Charles DeLisi makes an attempt to tackle the problem of visualization of complex mutli-scale biological networks by introducing the use of metagraphs (Hu et al, 2007, Nature Biotech 25:547). Metagraphs have so-called metanodes in addition to simple nodes. A metanode contains a subgraph composed of child (meta)nodes, which are revealed only when the metanode is in its "expanded" state. Edges link simple nodes while metaedges link "contracted" metanodes and are inferred from the links carried by nodes of the underlying subgraph. A key distinctive feature of metagraphs is that several instances (carrying different "labels") of a node can be shared between distinct metanodes (eg when a protein belongs to different complexes).

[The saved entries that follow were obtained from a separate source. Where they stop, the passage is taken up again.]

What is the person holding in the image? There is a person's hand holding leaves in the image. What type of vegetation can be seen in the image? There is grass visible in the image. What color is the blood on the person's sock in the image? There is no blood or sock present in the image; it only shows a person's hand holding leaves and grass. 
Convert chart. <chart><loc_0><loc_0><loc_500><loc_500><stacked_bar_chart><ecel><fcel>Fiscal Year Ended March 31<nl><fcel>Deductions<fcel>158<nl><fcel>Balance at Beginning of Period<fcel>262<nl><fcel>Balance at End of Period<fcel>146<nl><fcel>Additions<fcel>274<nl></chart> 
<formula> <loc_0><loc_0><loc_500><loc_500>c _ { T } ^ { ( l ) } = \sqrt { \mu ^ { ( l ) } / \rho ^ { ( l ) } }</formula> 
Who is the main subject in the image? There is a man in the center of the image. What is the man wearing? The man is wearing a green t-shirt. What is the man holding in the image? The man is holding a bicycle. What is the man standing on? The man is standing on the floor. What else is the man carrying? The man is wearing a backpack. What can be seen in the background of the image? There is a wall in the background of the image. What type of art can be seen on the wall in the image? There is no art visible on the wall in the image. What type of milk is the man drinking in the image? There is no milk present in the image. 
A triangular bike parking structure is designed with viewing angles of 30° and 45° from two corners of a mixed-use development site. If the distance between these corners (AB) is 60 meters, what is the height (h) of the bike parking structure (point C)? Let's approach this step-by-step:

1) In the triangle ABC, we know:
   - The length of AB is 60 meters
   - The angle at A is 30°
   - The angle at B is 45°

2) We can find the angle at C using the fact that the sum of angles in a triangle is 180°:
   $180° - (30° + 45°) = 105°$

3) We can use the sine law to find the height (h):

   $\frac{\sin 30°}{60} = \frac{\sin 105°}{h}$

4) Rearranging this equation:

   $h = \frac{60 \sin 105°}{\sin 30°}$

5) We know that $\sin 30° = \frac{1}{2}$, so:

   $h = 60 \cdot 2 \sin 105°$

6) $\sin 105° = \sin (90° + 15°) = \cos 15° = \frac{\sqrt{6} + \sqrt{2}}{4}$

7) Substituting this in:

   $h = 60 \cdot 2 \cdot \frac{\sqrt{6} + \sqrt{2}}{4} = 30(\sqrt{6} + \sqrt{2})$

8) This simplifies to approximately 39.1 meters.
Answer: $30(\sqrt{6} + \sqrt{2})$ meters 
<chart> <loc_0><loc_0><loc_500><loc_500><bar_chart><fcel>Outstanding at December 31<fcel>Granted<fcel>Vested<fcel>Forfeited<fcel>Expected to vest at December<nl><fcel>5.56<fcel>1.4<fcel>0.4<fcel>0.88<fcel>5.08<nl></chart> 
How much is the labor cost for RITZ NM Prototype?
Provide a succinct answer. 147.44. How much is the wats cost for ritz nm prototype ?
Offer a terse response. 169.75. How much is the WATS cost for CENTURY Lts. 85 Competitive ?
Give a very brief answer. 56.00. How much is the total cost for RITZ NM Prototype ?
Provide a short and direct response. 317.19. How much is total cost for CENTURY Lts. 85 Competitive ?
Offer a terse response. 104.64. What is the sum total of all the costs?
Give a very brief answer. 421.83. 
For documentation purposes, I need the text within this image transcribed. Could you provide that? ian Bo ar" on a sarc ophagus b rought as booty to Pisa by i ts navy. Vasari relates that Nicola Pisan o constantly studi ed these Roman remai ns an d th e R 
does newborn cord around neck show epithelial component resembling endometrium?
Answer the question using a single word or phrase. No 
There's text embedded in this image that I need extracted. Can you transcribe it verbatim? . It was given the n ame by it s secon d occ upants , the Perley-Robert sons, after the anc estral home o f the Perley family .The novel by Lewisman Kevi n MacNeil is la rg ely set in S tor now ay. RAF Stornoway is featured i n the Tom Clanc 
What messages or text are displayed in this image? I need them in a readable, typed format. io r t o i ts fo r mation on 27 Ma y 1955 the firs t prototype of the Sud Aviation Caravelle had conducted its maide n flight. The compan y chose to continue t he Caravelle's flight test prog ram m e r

Metanodes can represent directly the multi-scale modular hierarchy of a network, incorporate biological context (eg sets of proteins sharing the same GO annotation) or even represent groups of orthologous genes. With this representation, implemented in the software VisANT (http://visant.bu.edu/), "semantic zooming" into the network is made possible. This would be similar to zooming into a Google Map, when not only the scale of the map changes but also the resolution of the labels and various abstract annotations, as is best seen using the "hybrid" mode superposing annotations with the satellite picture.

This analogy with Google Map illustrates also the limits of the current network representation as "maps" of cellular processes. There is still a long way until the graphs representing biological networks can really be mapped onto cellular structures to result into better visualization tools but also into more realistic computational models of the whole cell. In a sense, a "Google Cell" should also have a "hybrid" mode, where the abstract representation can be superposed onto the "satellite image" version of the biological object visualized. As if little tiny networks would be folded inside each voxel of a 3D full reconstruction of a cell, such as the one recently published by Antony and colleagues (Höög et al, 2007, see post). Something like integrating interaction networks, "ORFeome"-like datasets and electron tomography...

January 19, 2007

Analyzing time-series expression data

tree-like Ziv Bar-Joseph and colleague describe their new method Dynamic Regulatory Events Miner (DREM) to analyze time-series gene expression data and combine them with static ChIP-chip experiments. The expression profiles are modeled using an extension of Hidden Markov Model that enforces a tree structure onto the expression profiles. The technique allows to deduce the condition-specific or time-dependent activity of transcription factors that explain the observed expression profiles.

sharp transitionsIn their analysis of developmental time-series of gene expression in Drosophila, Peer Bork and colleagues apply a more drastic principle to identify robust groups of genes that correlate with major development phases. They required "four points of low expression and four subsequent points of high expression (or vice versa) even if the amplitude change was relatively low (see Materials and methods). This type of convolution not only requires a sharp increase or decrease of expression, but also that the change in transcript level is consistent over a period of time, thereby reducing the rate of false positives owing to individual outliers."